Restate all data exactly. No images.

═════ Dataset records

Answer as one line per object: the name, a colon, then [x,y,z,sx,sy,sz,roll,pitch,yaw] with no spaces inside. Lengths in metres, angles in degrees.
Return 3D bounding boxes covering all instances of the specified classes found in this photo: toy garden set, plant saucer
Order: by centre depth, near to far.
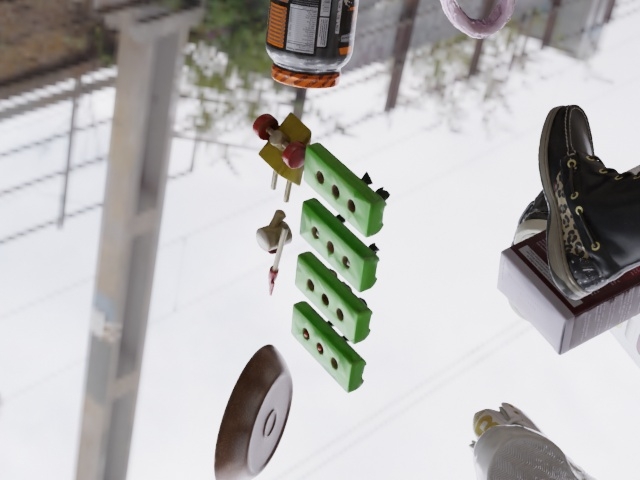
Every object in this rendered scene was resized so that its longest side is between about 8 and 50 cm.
toy garden set: [0.000,0.000,1.508,0.049,0.244,0.204,-20,-136,-29]
plant saucer: [-0.080,0.234,1.912,0.036,0.198,0.198,16,-148,17]

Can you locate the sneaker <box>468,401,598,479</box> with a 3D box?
sneaker: [0.220,0.257,1.744,0.169,0.108,0.292,39,-179,40]

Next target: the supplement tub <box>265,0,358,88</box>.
supplement tub: [-0.010,-0.300,1.900,0.117,0.190,0.117,6,-159,-2]

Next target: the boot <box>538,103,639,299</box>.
boot: [0.334,-0.064,1.606,0.085,0.179,0.236,27,-126,-41]

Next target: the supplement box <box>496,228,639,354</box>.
supplement box: [0.347,0.027,1.764,0.239,0.073,0.130,-24,-128,-20]

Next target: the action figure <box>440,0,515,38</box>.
action figure: [0.240,-0.377,1.251,0.370,0.248,0.275,-14,-113,21]

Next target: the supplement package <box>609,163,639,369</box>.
supplement package: [0.513,0.034,2.253,0.204,0.145,0.262,-25,-121,-17]

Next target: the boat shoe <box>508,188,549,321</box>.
boat shoe: [0.345,0.023,2.191,0.127,0.340,0.113,9,-116,19]
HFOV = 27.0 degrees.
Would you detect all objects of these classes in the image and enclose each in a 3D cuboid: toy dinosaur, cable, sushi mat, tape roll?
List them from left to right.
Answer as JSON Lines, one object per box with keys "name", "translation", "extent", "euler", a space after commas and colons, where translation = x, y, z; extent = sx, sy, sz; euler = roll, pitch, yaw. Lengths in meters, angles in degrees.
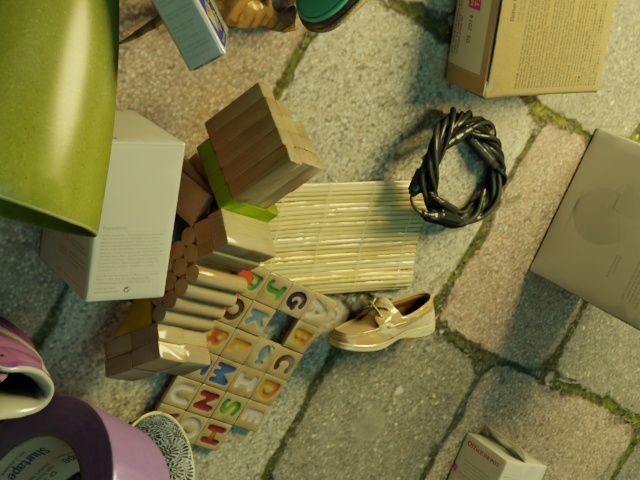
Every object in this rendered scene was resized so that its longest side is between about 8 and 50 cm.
{"name": "tape roll", "translation": [-0.285, 0.304, 1.395], "extent": [0.090, 0.275, 0.274], "euler": [36, 88, -40]}
{"name": "toy dinosaur", "translation": [-0.100, -0.253, 1.413], "extent": [0.212, 0.064, 0.112], "euler": [-3, 113, -33]}
{"name": "sushi mat", "translation": [0.000, 0.000, 1.625], "extent": [0.317, 0.019, 0.151], "euler": [-3, 111, -34]}
{"name": "cable", "translation": [0.178, -0.089, 1.689], "extent": [0.184, 0.047, 0.150], "euler": [9, 92, -50]}

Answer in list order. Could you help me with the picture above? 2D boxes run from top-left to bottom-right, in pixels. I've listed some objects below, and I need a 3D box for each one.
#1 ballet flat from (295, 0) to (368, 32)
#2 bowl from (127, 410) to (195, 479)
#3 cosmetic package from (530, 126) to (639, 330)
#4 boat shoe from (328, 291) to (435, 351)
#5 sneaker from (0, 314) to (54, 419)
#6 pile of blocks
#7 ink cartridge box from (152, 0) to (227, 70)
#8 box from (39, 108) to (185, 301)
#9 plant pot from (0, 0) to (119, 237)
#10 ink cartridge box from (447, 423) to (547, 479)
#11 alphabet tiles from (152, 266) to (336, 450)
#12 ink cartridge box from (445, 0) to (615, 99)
{"name": "ballet flat", "translation": [0.080, -0.362, 1.468], "extent": [0.106, 0.108, 0.316], "euler": [18, 100, -52]}
{"name": "bowl", "translation": [-0.222, 0.281, 1.538], "extent": [0.170, 0.080, 0.170], "euler": [8, 81, -62]}
{"name": "cosmetic package", "translation": [0.444, -0.002, 1.799], "extent": [0.138, 0.225, 0.224], "euler": [19, 99, -39]}
{"name": "boat shoe", "translation": [0.079, 0.099, 1.700], "extent": [0.170, 0.063, 0.059], "euler": [-12, 114, -41]}
{"name": "sneaker", "translation": [-0.386, 0.098, 1.309], "extent": [0.282, 0.161, 0.102], "euler": [21, 99, -38]}
{"name": "pile of blocks", "translation": [-0.119, 0.001, 1.479], "extent": [0.113, 0.149, 0.362], "euler": [18, 110, -52]}
{"name": "ink cartridge box", "translation": [-0.151, -0.273, 1.263], "extent": [0.045, 0.206, 0.208], "euler": [-25, 105, 4]}
{"name": "box", "translation": [-0.218, -0.039, 1.382], "extent": [0.091, 0.130, 0.170], "euler": [-1, 111, -34]}
{"name": "plant pot", "translation": [-0.293, -0.181, 1.206], "extent": [0.275, 0.275, 0.293], "euler": [20, 83, -39]}
{"name": "ink cartridge box", "translation": [0.247, 0.345, 1.903], "extent": [0.090, 0.092, 0.143], "euler": [15, 101, -39]}
{"name": "alphabet tiles", "translation": [-0.108, 0.143, 1.603], "extent": [0.198, 0.009, 0.237], "euler": [26, 99, -42]}
{"name": "ink cartridge box", "translation": [0.265, -0.299, 1.631], "extent": [0.193, 0.088, 0.234], "euler": [-5, 114, -32]}
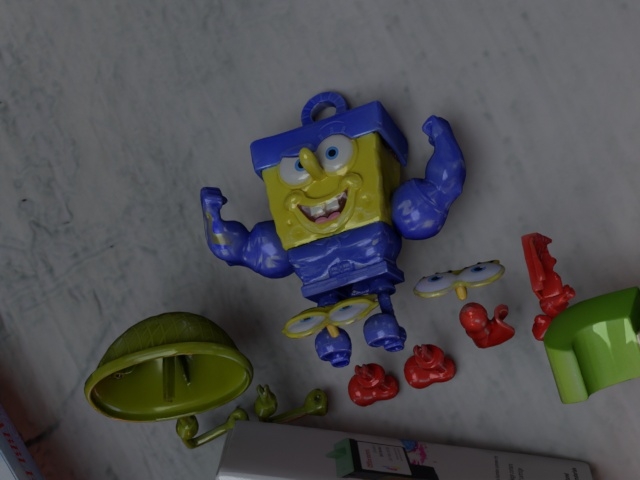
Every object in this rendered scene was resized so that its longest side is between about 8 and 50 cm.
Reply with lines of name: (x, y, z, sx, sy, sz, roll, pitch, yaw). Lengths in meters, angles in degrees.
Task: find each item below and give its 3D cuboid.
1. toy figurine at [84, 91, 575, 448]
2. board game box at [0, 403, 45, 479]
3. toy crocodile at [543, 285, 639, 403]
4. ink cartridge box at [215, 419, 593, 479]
toy figurine: (0.000, 0.000, 1.196, 0.362, 0.191, 0.217, -17, 66, 20)
board game box: (-0.393, 0.229, 1.301, 0.318, 0.066, 0.318, -36, 70, 4)
toy crocodile: (0.317, 0.061, 1.028, 0.340, 0.105, 0.115, -1, 105, 20)
ink cartridge box: (0.053, 0.259, 1.175, 0.278, 0.117, 0.201, 7, 103, 3)

══════════

Answer to this task
Answer as one line per object: the name, a colon, then [x,y,z,sx,sy,sz,roll,pitch,yaw] with no spaces inside. Lengths in metres, angles in degrees.
Return 3D bounding boxes covering all instances of the specified classes found in this photo: toy garden set, plant saucer
Order: by centre depth, near to far.
Every object in this rendered scene was resized so that its longest side is between about 8 and 50 cm.
toy garden set: [0.000,0.000,1.508,0.049,0.244,0.204,-20,-136,-29]
plant saucer: [-0.080,0.234,1.912,0.036,0.198,0.198,16,-148,17]

Can you locate the sneaker <box>468,401,598,479</box> with a 3D box?
sneaker: [0.220,0.257,1.744,0.169,0.108,0.292,39,-179,40]

Next target: the supplement tub <box>265,0,358,88</box>.
supplement tub: [-0.010,-0.300,1.900,0.117,0.190,0.117,6,-159,-2]

Next target: the boot <box>538,103,639,299</box>.
boot: [0.334,-0.064,1.606,0.085,0.179,0.236,27,-126,-41]

Next target: the supplement box <box>496,228,639,354</box>.
supplement box: [0.347,0.027,1.764,0.239,0.073,0.130,-24,-128,-20]

Next target: the action figure <box>440,0,515,38</box>.
action figure: [0.240,-0.377,1.251,0.370,0.248,0.275,-14,-113,21]

Next target: the supplement package <box>609,163,639,369</box>.
supplement package: [0.513,0.034,2.253,0.204,0.145,0.262,-25,-121,-17]

Next target: the boat shoe <box>508,188,549,321</box>.
boat shoe: [0.345,0.023,2.191,0.127,0.340,0.113,9,-116,19]
HFOV = 27.0 degrees.
Would you detect all objects of these classes in the image and enclose each in a 3D cuboid: toy dinosaur, cable, sushi mat, tape roll?
List them from left to right.
Answer as JSON Lines, one object per box with keys "name", "translation", "extent", "euler", a space after commas and colons, where translation = x, y, z; extent = sx, sy, sz; euler = roll, pitch, yaw. Lengths in meters, angles in degrees.
Every object in this rendered scene was resized so that its longest side is between about 8 and 50 cm.
{"name": "tape roll", "translation": [-0.285, 0.304, 1.395], "extent": [0.090, 0.275, 0.274], "euler": [36, 88, -40]}
{"name": "toy dinosaur", "translation": [-0.100, -0.253, 1.413], "extent": [0.212, 0.064, 0.112], "euler": [-3, 113, -33]}
{"name": "sushi mat", "translation": [0.000, 0.000, 1.625], "extent": [0.317, 0.019, 0.151], "euler": [-3, 111, -34]}
{"name": "cable", "translation": [0.178, -0.089, 1.689], "extent": [0.184, 0.047, 0.150], "euler": [9, 92, -50]}

Answer in list order. Could you help me with the picture above? 2D boxes run from top-left to bottom-right, in pixels. I've listed some objects below, and I need a 3D box for each one.
#1 ballet flat from (295, 0) to (368, 32)
#2 bowl from (127, 410) to (195, 479)
#3 cosmetic package from (530, 126) to (639, 330)
#4 boat shoe from (328, 291) to (435, 351)
#5 sneaker from (0, 314) to (54, 419)
#6 pile of blocks
#7 ink cartridge box from (152, 0) to (227, 70)
#8 box from (39, 108) to (185, 301)
#9 plant pot from (0, 0) to (119, 237)
#10 ink cartridge box from (447, 423) to (547, 479)
#11 alphabet tiles from (152, 266) to (336, 450)
#12 ink cartridge box from (445, 0) to (615, 99)
{"name": "ballet flat", "translation": [0.080, -0.362, 1.468], "extent": [0.106, 0.108, 0.316], "euler": [18, 100, -52]}
{"name": "bowl", "translation": [-0.222, 0.281, 1.538], "extent": [0.170, 0.080, 0.170], "euler": [8, 81, -62]}
{"name": "cosmetic package", "translation": [0.444, -0.002, 1.799], "extent": [0.138, 0.225, 0.224], "euler": [19, 99, -39]}
{"name": "boat shoe", "translation": [0.079, 0.099, 1.700], "extent": [0.170, 0.063, 0.059], "euler": [-12, 114, -41]}
{"name": "sneaker", "translation": [-0.386, 0.098, 1.309], "extent": [0.282, 0.161, 0.102], "euler": [21, 99, -38]}
{"name": "pile of blocks", "translation": [-0.119, 0.001, 1.479], "extent": [0.113, 0.149, 0.362], "euler": [18, 110, -52]}
{"name": "ink cartridge box", "translation": [-0.151, -0.273, 1.263], "extent": [0.045, 0.206, 0.208], "euler": [-25, 105, 4]}
{"name": "box", "translation": [-0.218, -0.039, 1.382], "extent": [0.091, 0.130, 0.170], "euler": [-1, 111, -34]}
{"name": "plant pot", "translation": [-0.293, -0.181, 1.206], "extent": [0.275, 0.275, 0.293], "euler": [20, 83, -39]}
{"name": "ink cartridge box", "translation": [0.247, 0.345, 1.903], "extent": [0.090, 0.092, 0.143], "euler": [15, 101, -39]}
{"name": "alphabet tiles", "translation": [-0.108, 0.143, 1.603], "extent": [0.198, 0.009, 0.237], "euler": [26, 99, -42]}
{"name": "ink cartridge box", "translation": [0.265, -0.299, 1.631], "extent": [0.193, 0.088, 0.234], "euler": [-5, 114, -32]}
Every object in this rendered scene was resized so that its longest side is between about 8 and 50 cm.
Reply with lines of name: (x, y, z, sx, sy, sz, roll, pitch, yaw). Lengths in meters, angles in degrees.
Task: find each item below and give its 3D cuboid.
1. toy figurine at [84, 91, 575, 448]
2. board game box at [0, 403, 45, 479]
3. toy crocodile at [543, 285, 639, 403]
4. ink cartridge box at [215, 419, 593, 479]
toy figurine: (0.000, 0.000, 1.196, 0.362, 0.191, 0.217, -17, 66, 20)
board game box: (-0.393, 0.229, 1.301, 0.318, 0.066, 0.318, -36, 70, 4)
toy crocodile: (0.317, 0.061, 1.028, 0.340, 0.105, 0.115, -1, 105, 20)
ink cartridge box: (0.053, 0.259, 1.175, 0.278, 0.117, 0.201, 7, 103, 3)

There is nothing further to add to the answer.